This weekend is the first convening of the 2013 Intermedia Arts Creative Community Leadership Institute. Our first assignment is to prepare a mini presentation on where we would like to be in 5 years in the practice of arts and community engagement, and what we would like to glean from this institute. Therefore, I am referring back to my original application for the program, and remembered that I wanted to share parts of that here. I have a post that I’m writing about some of my feelings and impressions from our first orientation, but here is part of my original letter of intent. It’s long, I know. Sharing is caring, right?
November 12th, 2012
Dear selection panel,
I am an emerging artist with a mix of roles in arts administration, marketing, leadership and education within various organizations in the Twin Cities and am at an ideal transition point in my career to benefit from the Creative Community Leadership Institute.
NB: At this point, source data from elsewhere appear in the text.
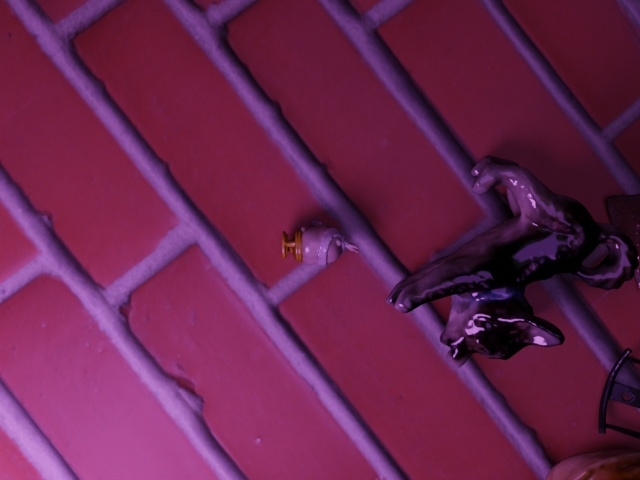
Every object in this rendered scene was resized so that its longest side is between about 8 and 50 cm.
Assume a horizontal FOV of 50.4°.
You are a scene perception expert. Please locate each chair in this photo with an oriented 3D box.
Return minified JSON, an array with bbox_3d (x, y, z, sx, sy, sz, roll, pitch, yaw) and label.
[{"bbox_3d":[0.620,0.294,1.122,0.260,0.141,0.155,17,89,-5],"label":"chair"}]

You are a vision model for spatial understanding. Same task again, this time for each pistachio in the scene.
[{"bbox_3d":[0.471,0.420,1.105,0.229,0.157,0.157,-11,88,-13],"label":"pistachio"}]

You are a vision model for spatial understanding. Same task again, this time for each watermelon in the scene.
[{"bbox_3d":[0.587,-0.013,1.128,0.202,0.207,0.136,5,60,12],"label":"watermelon"}]

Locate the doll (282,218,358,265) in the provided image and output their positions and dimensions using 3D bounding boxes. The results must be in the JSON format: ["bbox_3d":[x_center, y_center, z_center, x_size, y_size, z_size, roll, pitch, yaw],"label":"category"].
[{"bbox_3d":[0.000,0.000,1.127,0.127,0.073,0.084,1,56,-2],"label":"doll"}]

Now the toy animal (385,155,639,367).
[{"bbox_3d":[0.313,0.061,1.083,0.302,0.194,0.344,33,91,3],"label":"toy animal"}]
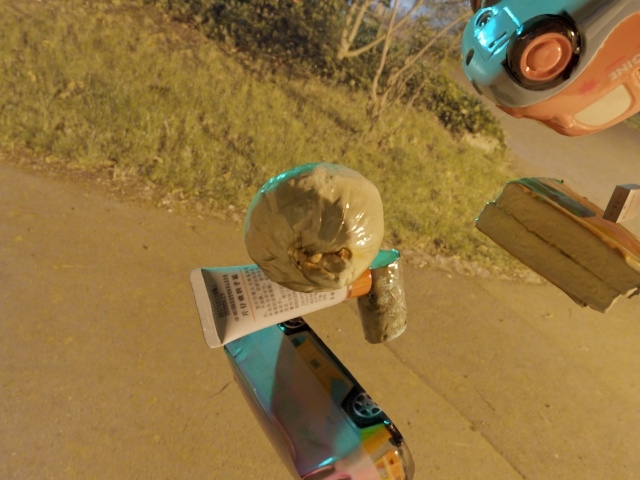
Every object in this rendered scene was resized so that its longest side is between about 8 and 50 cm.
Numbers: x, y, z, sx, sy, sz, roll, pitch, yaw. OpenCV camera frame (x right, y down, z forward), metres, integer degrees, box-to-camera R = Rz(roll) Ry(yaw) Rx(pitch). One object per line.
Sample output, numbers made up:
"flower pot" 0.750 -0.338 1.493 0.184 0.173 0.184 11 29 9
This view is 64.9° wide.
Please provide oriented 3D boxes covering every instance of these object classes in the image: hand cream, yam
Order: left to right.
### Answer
"hand cream" -0.061 0.091 0.884 0.314 0.089 0.140 -7 67 -24
"yam" 0.126 0.120 1.056 0.107 0.194 0.107 -9 22 4

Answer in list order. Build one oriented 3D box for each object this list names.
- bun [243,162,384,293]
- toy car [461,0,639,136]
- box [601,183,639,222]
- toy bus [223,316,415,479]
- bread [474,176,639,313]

My work is informed by an upbringing in the Palouse region of Eastern Washington, time spent abroad in Ecuador and Australia, a strong environmentalist and feminist sensibility, and a passion for education and community development fueled by extensive work in the fields of childcare and social service. In my primary roles in the local arts community I consult with Springboard for the Arts to manage social media for the Irrigate project and am a Board Member and Exhibitions Committee Co-Chair for the Women’s Art Resources of Minnesota. I also have a lot of ties to the local theater and performing arts community due to working for the Minnesota Fringe Festival each summer.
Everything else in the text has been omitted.